- _ACTION ITEM_
Pictures should not appear in the copy; the records themselves must be written out exactly.

- _Data excerpts_
======

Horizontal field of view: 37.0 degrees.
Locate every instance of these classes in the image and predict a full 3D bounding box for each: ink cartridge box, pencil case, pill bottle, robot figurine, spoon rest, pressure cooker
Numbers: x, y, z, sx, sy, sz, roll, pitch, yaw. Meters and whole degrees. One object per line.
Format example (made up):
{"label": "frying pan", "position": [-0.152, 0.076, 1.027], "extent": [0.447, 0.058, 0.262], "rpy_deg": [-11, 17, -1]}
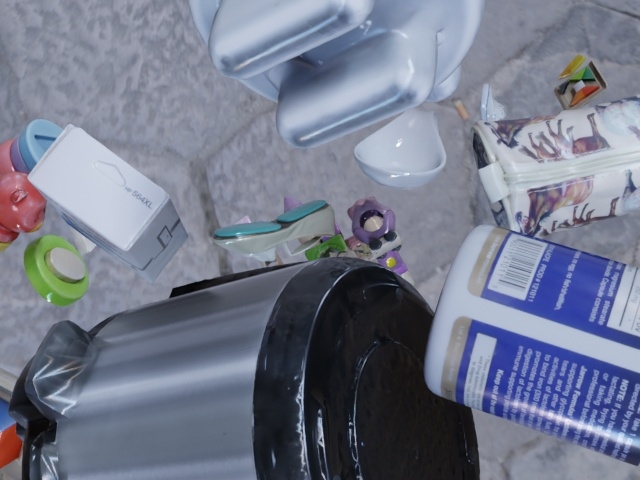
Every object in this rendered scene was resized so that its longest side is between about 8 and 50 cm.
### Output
{"label": "ink cartridge box", "position": [-0.251, -0.038, 1.159], "extent": [0.148, 0.203, 0.086], "rpy_deg": [35, 79, 7]}
{"label": "pencil case", "position": [0.383, -0.104, 1.148], "extent": [0.410, 0.183, 0.160], "rpy_deg": [-12, 82, 1]}
{"label": "pill bottle", "position": [0.230, 0.093, 0.773], "extent": [0.264, 0.153, 0.153], "rpy_deg": [18, 113, 18]}
{"label": "robot figurine", "position": [0.019, -0.233, 0.692], "extent": [0.199, 0.354, 0.300], "rpy_deg": [-16, 135, 28]}
{"label": "spoon rest", "position": [0.136, -0.148, 1.475], "extent": [0.137, 0.276, 0.084], "rpy_deg": [11, 113, 13]}
{"label": "pressure cooker", "position": [-0.093, 0.223, 0.979], "extent": [0.420, 0.375, 0.370], "rpy_deg": [-16, 88, 31]}

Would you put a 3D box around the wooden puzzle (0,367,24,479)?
{"label": "wooden puzzle", "position": [-0.471, 0.302, 1.337], "extent": [0.080, 0.322, 0.348], "rpy_deg": [-36, 130, -42]}

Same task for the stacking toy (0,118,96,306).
{"label": "stacking toy", "position": [-0.455, -0.057, 1.661], "extent": [0.130, 0.309, 0.279], "rpy_deg": [-28, 118, 22]}

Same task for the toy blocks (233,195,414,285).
{"label": "toy blocks", "position": [0.000, 0.000, 1.862], "extent": [0.288, 0.260, 0.309], "rpy_deg": [-28, 158, 2]}

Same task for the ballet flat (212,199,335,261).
{"label": "ballet flat", "position": [-0.074, -0.005, 1.677], "extent": [0.248, 0.086, 0.086], "rpy_deg": [-18, 119, -32]}

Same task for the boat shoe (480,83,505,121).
{"label": "boat shoe", "position": [0.259, -0.193, 1.429], "extent": [0.035, 0.035, 0.100], "rpy_deg": [2, 136, 15]}

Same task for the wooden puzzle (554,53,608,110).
{"label": "wooden puzzle", "position": [0.375, -0.221, 1.386], "extent": [0.014, 0.116, 0.078], "rpy_deg": [32, 114, -35]}

======

- _OUTPUT BELOW_
Horizontal field of view: 37.0 degrees.
Locate every instance of these classes in the image and predict a full 3D bounding box for each: ink cartridge box, pencil case, pill bottle, robot figurine, spoon rest, pressure cooker
Numbers: x, y, z, sx, sy, sz, roll, pitch, yaw. Meters and whole degrees. One object per line.
Format example (made up):
{"label": "frying pan", "position": [-0.152, 0.076, 1.027], "extent": [0.447, 0.058, 0.262], "rpy_deg": [-11, 17, -1]}
Every object in this rendered scene was resized so that its longest side is between about 8 and 50 cm.
### Output
{"label": "ink cartridge box", "position": [-0.251, -0.038, 1.159], "extent": [0.148, 0.203, 0.086], "rpy_deg": [35, 79, 7]}
{"label": "pencil case", "position": [0.383, -0.104, 1.148], "extent": [0.410, 0.183, 0.160], "rpy_deg": [-12, 82, 1]}
{"label": "pill bottle", "position": [0.230, 0.093, 0.773], "extent": [0.264, 0.153, 0.153], "rpy_deg": [18, 113, 18]}
{"label": "robot figurine", "position": [0.019, -0.233, 0.692], "extent": [0.199, 0.354, 0.300], "rpy_deg": [-16, 135, 28]}
{"label": "spoon rest", "position": [0.136, -0.148, 1.475], "extent": [0.137, 0.276, 0.084], "rpy_deg": [11, 113, 13]}
{"label": "pressure cooker", "position": [-0.093, 0.223, 0.979], "extent": [0.420, 0.375, 0.370], "rpy_deg": [-16, 88, 31]}

Would you put a 3D box around the wooden puzzle (0,367,24,479)?
{"label": "wooden puzzle", "position": [-0.471, 0.302, 1.337], "extent": [0.080, 0.322, 0.348], "rpy_deg": [-36, 130, -42]}

Same task for the stacking toy (0,118,96,306).
{"label": "stacking toy", "position": [-0.455, -0.057, 1.661], "extent": [0.130, 0.309, 0.279], "rpy_deg": [-28, 118, 22]}

Same task for the toy blocks (233,195,414,285).
{"label": "toy blocks", "position": [0.000, 0.000, 1.862], "extent": [0.288, 0.260, 0.309], "rpy_deg": [-28, 158, 2]}

Same task for the ballet flat (212,199,335,261).
{"label": "ballet flat", "position": [-0.074, -0.005, 1.677], "extent": [0.248, 0.086, 0.086], "rpy_deg": [-18, 119, -32]}

Same task for the boat shoe (480,83,505,121).
{"label": "boat shoe", "position": [0.259, -0.193, 1.429], "extent": [0.035, 0.035, 0.100], "rpy_deg": [2, 136, 15]}

Same task for the wooden puzzle (554,53,608,110).
{"label": "wooden puzzle", "position": [0.375, -0.221, 1.386], "extent": [0.014, 0.116, 0.078], "rpy_deg": [32, 114, -35]}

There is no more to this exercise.